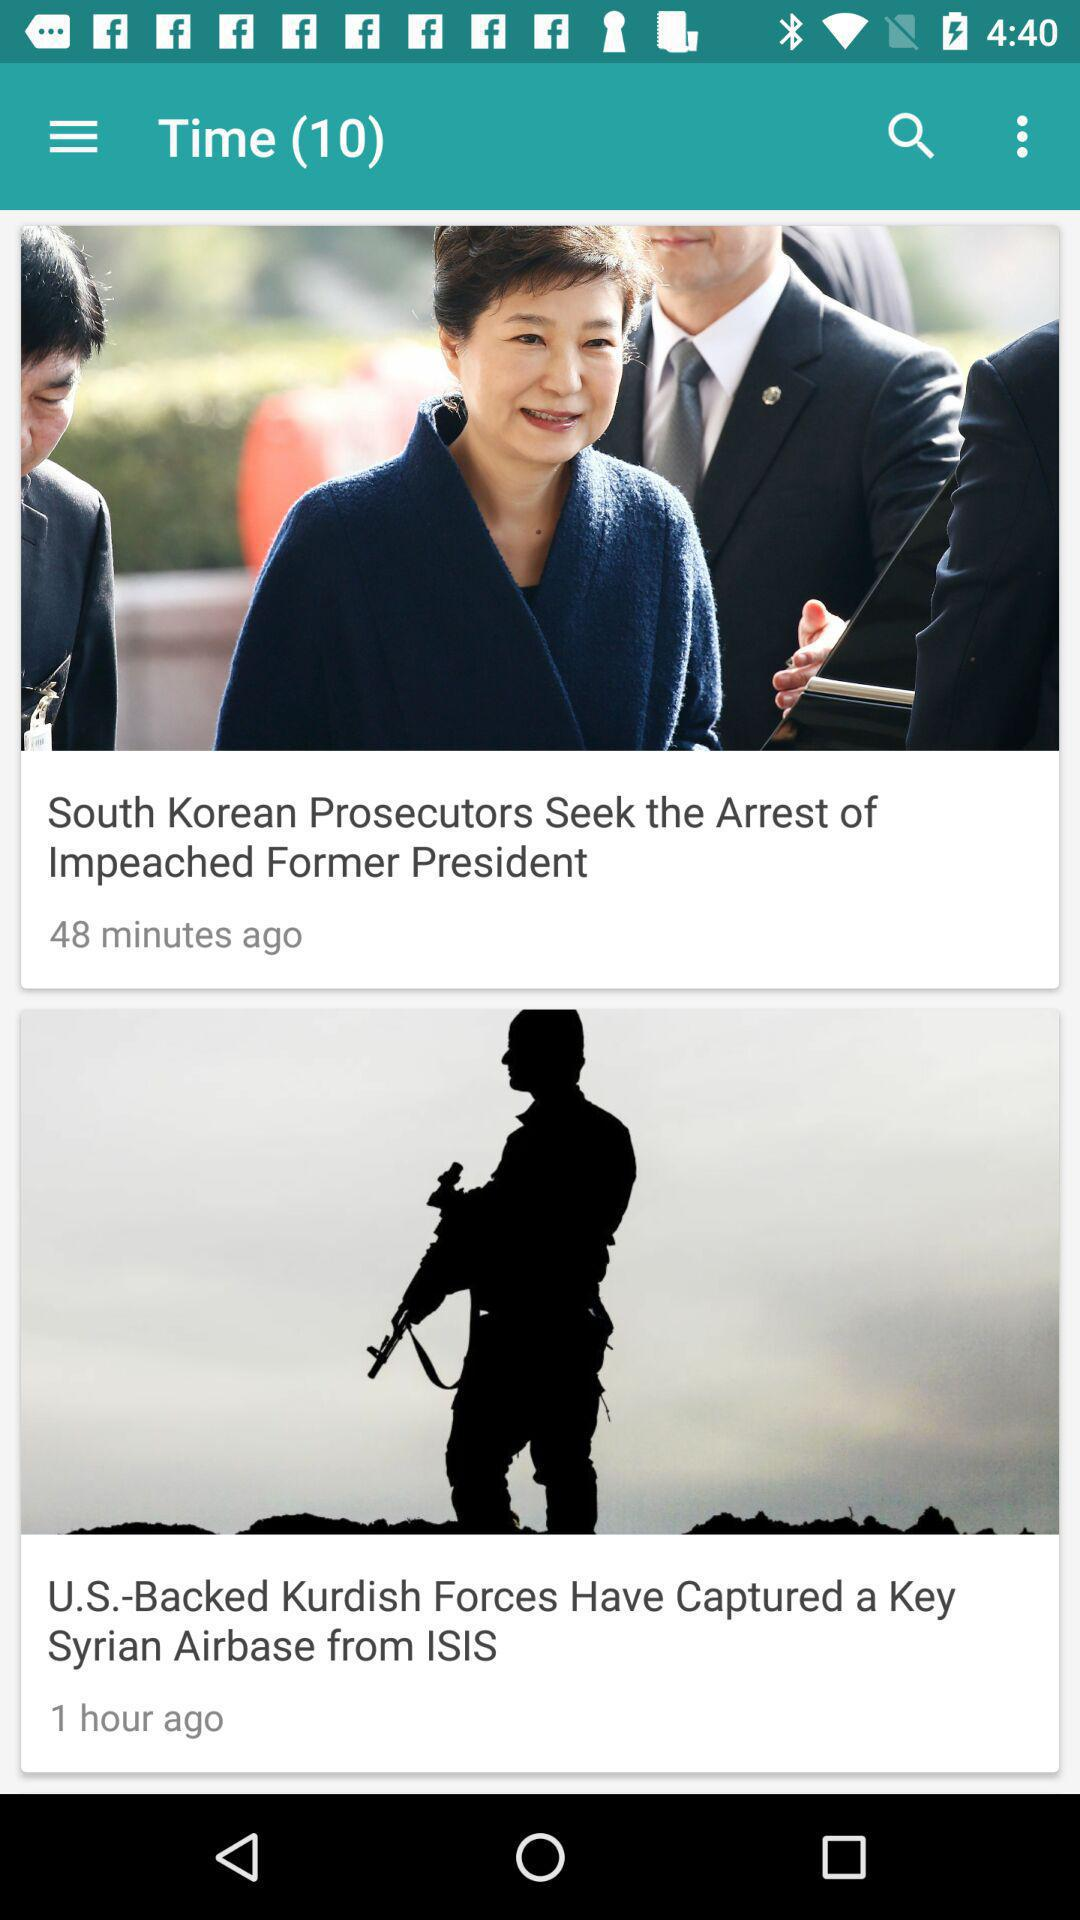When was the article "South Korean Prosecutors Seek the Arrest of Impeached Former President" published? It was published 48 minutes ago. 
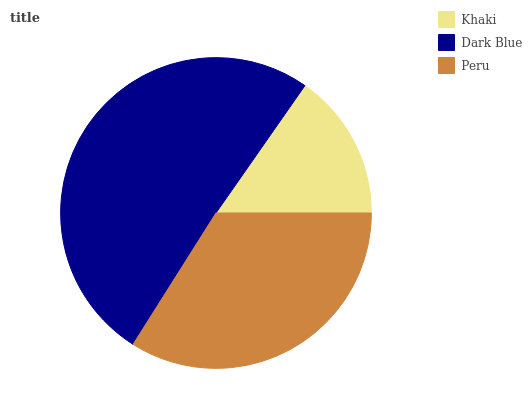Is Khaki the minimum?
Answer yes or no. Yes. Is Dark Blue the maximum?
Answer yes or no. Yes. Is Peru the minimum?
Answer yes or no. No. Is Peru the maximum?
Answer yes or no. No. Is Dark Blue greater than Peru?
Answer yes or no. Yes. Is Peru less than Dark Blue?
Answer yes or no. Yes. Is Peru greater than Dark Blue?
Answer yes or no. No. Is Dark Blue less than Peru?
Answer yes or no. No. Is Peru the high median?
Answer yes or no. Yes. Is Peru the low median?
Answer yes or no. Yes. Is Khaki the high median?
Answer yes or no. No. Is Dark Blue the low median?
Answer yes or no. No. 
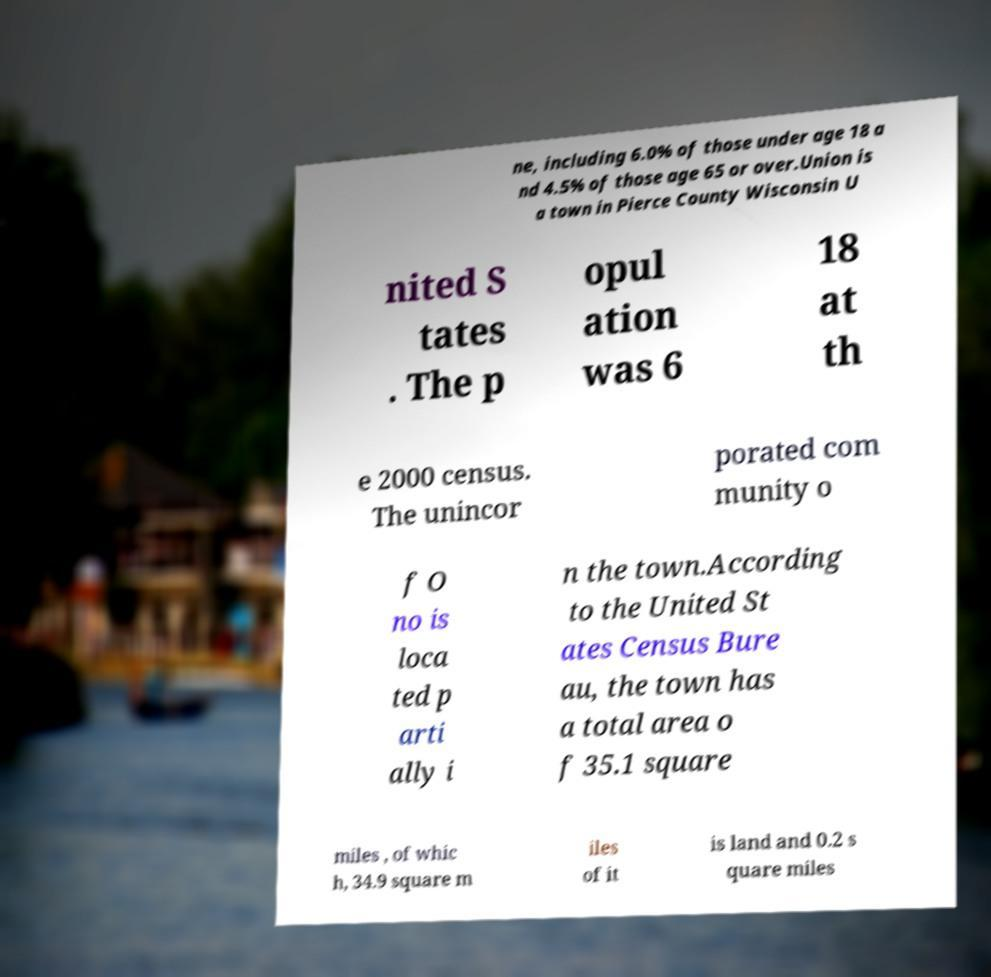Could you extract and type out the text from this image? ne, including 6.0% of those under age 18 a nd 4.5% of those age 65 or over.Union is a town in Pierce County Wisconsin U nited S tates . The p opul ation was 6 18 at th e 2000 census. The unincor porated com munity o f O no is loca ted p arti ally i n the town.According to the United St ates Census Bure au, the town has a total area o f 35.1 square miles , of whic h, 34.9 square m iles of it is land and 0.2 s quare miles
· · · · ·
ASSIGNMENT: Set down only the lines running from the line with "Answer yes or no. No. Is Dark Blue less" to the end of the entries, inclusive; omit every picture.

TASK RESPONSE:
Answer yes or no. No. Is Dark Blue less than Peru?
Answer yes or no. No. Is Peru the high median?
Answer yes or no. Yes. Is Peru the low median?
Answer yes or no. Yes. Is Khaki the high median?
Answer yes or no. No. Is Dark Blue the low median?
Answer yes or no. No. 
Could you extract and type out the text from this image? ne, including 6.0% of those under age 18 a nd 4.5% of those age 65 or over.Union is a town in Pierce County Wisconsin U nited S tates . The p opul ation was 6 18 at th e 2000 census. The unincor porated com munity o f O no is loca ted p arti ally i n the town.According to the United St ates Census Bure au, the town has a total area o f 35.1 square miles , of whic h, 34.9 square m iles of it is land and 0.2 s quare miles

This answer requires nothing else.